LISTED RECORDS section start

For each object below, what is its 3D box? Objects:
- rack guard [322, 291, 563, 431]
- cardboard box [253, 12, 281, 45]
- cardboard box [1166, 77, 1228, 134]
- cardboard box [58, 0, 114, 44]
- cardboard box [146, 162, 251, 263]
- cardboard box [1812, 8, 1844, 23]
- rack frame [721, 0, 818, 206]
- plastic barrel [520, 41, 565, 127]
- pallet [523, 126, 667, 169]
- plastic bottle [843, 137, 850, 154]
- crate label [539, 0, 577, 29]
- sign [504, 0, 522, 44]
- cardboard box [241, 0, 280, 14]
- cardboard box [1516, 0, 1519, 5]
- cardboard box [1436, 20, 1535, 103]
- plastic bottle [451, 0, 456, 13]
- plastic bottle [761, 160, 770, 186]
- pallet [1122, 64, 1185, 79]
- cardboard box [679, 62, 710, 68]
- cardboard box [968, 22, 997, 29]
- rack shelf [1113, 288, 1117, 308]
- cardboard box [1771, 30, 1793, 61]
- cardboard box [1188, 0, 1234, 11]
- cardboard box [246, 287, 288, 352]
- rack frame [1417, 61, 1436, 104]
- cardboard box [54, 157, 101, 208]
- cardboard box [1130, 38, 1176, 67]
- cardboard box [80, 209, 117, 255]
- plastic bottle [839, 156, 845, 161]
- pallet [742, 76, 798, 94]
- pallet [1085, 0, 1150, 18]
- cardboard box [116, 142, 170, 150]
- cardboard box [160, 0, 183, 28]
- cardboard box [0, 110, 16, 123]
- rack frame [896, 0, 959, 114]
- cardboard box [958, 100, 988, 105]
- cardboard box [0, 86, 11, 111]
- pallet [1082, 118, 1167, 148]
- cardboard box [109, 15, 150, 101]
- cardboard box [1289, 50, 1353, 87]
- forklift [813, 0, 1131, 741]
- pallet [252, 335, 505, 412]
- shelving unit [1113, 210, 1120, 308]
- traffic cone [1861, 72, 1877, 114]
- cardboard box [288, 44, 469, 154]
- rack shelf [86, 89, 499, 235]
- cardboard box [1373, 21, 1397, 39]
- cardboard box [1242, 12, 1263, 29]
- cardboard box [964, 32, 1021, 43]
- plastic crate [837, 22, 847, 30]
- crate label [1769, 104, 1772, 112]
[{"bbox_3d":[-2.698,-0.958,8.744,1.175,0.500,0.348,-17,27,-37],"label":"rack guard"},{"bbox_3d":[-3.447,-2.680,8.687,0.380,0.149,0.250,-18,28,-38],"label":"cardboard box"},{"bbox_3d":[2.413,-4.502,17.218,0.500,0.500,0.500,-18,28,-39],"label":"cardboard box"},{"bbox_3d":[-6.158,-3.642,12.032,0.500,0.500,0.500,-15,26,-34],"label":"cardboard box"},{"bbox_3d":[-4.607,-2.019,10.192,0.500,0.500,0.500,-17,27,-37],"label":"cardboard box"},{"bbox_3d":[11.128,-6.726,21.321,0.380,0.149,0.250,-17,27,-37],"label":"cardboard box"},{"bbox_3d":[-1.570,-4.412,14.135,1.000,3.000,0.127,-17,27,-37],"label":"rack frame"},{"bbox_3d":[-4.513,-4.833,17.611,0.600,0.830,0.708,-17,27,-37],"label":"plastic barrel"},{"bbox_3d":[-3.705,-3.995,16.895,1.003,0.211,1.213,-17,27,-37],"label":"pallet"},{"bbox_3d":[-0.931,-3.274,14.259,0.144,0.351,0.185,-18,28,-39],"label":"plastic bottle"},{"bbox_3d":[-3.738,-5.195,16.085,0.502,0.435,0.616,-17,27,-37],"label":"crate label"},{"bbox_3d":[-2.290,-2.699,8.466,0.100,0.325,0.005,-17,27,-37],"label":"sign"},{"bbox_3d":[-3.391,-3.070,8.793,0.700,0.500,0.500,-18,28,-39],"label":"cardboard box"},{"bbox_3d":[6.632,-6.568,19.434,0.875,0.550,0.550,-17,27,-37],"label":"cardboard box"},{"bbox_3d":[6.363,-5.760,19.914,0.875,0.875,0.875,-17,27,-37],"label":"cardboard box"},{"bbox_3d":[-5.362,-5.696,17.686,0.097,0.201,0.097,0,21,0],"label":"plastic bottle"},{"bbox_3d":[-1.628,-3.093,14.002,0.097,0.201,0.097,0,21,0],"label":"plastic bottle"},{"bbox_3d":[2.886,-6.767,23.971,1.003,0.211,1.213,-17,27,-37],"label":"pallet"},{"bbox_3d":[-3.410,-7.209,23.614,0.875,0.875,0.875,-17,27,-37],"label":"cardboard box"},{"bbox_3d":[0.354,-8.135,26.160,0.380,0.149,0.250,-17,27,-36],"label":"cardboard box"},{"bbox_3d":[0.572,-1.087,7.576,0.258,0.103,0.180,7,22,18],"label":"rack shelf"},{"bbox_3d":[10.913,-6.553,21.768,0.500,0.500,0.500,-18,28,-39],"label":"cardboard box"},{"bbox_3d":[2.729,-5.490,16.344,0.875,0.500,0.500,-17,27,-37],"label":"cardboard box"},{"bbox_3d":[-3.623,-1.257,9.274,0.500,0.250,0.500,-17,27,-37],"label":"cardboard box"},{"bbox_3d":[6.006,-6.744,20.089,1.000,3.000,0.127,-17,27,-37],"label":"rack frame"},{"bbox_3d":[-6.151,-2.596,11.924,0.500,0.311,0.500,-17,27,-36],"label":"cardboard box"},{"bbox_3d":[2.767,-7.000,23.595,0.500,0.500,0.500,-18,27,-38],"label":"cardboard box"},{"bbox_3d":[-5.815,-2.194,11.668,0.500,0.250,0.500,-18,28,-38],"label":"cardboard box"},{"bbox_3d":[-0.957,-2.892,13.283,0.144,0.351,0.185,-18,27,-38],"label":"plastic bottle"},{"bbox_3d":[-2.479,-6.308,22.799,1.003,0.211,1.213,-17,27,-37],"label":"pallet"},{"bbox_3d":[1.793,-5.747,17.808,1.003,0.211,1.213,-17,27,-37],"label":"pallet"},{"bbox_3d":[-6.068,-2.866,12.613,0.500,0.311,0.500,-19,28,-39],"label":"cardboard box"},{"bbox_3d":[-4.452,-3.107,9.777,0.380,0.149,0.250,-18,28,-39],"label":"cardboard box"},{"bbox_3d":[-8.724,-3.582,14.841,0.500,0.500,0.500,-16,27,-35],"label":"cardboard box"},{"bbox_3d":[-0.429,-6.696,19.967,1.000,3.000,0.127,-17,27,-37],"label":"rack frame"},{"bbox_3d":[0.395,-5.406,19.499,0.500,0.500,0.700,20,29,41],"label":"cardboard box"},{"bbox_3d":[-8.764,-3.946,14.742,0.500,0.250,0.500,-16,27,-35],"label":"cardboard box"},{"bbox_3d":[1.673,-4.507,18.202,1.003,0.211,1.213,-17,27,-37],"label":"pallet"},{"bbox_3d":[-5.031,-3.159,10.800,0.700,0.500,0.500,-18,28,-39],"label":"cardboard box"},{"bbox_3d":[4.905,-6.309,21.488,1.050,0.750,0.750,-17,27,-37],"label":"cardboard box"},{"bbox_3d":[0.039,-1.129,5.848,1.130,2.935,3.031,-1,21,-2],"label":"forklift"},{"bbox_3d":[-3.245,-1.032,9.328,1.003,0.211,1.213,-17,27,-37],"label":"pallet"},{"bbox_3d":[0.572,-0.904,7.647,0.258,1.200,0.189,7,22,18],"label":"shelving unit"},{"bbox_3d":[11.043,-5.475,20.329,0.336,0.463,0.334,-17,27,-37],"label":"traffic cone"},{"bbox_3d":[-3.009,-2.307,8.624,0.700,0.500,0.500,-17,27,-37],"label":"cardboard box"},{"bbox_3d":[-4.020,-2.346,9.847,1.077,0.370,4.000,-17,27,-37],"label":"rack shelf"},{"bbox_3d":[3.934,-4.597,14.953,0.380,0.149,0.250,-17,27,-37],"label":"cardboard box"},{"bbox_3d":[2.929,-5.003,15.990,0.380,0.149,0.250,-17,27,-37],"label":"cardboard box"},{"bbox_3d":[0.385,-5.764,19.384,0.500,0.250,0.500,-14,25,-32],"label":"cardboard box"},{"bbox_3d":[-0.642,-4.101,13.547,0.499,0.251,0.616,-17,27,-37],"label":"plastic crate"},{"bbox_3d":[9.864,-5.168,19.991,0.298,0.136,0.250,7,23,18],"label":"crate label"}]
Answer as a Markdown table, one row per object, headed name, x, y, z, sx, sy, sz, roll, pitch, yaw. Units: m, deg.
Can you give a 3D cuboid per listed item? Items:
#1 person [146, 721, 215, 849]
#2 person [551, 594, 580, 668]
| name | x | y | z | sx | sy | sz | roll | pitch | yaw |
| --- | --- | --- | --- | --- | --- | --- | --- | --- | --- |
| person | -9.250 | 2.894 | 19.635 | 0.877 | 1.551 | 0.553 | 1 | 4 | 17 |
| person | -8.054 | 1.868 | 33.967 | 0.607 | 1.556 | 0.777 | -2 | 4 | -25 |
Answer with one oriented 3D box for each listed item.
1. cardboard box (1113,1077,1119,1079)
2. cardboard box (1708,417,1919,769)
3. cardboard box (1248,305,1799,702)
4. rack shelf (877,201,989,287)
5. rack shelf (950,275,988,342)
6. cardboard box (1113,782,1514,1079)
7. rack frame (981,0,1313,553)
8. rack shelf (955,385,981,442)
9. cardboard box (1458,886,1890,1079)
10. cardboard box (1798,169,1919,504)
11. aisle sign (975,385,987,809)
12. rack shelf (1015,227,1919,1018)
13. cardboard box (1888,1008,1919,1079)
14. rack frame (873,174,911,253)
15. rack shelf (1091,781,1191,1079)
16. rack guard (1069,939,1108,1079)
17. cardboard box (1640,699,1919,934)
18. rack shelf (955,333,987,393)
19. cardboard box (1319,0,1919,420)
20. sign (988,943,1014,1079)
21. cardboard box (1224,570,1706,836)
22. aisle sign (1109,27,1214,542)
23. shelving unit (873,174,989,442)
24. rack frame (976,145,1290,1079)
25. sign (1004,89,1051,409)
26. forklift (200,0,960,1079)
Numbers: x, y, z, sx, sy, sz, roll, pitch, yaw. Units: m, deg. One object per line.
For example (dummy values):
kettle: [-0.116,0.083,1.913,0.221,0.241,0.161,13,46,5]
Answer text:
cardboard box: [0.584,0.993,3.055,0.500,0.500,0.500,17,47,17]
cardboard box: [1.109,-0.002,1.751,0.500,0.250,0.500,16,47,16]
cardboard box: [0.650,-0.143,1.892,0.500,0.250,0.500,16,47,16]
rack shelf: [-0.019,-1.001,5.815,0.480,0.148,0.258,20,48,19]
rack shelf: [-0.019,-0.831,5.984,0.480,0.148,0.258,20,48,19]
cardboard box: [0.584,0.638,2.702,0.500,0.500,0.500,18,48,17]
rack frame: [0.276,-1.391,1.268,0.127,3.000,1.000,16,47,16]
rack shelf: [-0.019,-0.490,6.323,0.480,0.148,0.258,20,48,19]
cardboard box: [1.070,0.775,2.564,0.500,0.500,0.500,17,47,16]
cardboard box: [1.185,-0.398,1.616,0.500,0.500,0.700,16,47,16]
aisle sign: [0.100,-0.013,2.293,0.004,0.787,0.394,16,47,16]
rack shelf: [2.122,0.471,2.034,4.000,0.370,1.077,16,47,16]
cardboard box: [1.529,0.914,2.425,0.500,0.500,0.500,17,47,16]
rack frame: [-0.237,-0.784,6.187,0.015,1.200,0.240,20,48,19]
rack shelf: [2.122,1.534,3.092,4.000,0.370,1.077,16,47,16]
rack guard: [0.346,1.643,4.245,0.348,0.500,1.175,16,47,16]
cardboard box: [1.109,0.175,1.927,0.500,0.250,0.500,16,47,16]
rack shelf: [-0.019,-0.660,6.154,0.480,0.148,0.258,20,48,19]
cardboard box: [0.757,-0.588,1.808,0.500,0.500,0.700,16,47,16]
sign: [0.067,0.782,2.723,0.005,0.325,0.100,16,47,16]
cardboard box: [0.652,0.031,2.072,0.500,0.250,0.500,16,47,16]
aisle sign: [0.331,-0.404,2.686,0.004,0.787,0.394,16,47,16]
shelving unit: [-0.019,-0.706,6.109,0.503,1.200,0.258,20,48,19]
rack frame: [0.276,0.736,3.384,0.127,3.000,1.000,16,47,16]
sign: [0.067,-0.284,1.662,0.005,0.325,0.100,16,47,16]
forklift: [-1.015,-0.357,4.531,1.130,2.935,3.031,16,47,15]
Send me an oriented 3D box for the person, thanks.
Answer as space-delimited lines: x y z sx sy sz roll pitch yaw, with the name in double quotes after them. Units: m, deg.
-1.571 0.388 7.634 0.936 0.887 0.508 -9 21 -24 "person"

LISTED RECORDS section end

GOAL OF THE EXERCISE = Only those lines of the entries above that run from the line containing "- plastic bottle [761, 160, 770, 186]" to the line containing "- plastic crate [837, 22, 847, 30]", both included, should be transcribed exactly.

RESULT FOR THIS TASK =
- plastic bottle [761, 160, 770, 186]
- pallet [1122, 64, 1185, 79]
- cardboard box [679, 62, 710, 68]
- cardboard box [968, 22, 997, 29]
- rack shelf [1113, 288, 1117, 308]
- cardboard box [1771, 30, 1793, 61]
- cardboard box [1188, 0, 1234, 11]
- cardboard box [246, 287, 288, 352]
- rack frame [1417, 61, 1436, 104]
- cardboard box [54, 157, 101, 208]
- cardboard box [1130, 38, 1176, 67]
- cardboard box [80, 209, 117, 255]
- plastic bottle [839, 156, 845, 161]
- pallet [742, 76, 798, 94]
- pallet [1085, 0, 1150, 18]
- cardboard box [116, 142, 170, 150]
- cardboard box [160, 0, 183, 28]
- cardboard box [0, 110, 16, 123]
- rack frame [896, 0, 959, 114]
- cardboard box [958, 100, 988, 105]
- cardboard box [0, 86, 11, 111]
- pallet [1082, 118, 1167, 148]
- cardboard box [109, 15, 150, 101]
- cardboard box [1289, 50, 1353, 87]
- forklift [813, 0, 1131, 741]
- pallet [252, 335, 505, 412]
- shelving unit [1113, 210, 1120, 308]
- traffic cone [1861, 72, 1877, 114]
- cardboard box [288, 44, 469, 154]
- rack shelf [86, 89, 499, 235]
- cardboard box [1373, 21, 1397, 39]
- cardboard box [1242, 12, 1263, 29]
- cardboard box [964, 32, 1021, 43]
- plastic crate [837, 22, 847, 30]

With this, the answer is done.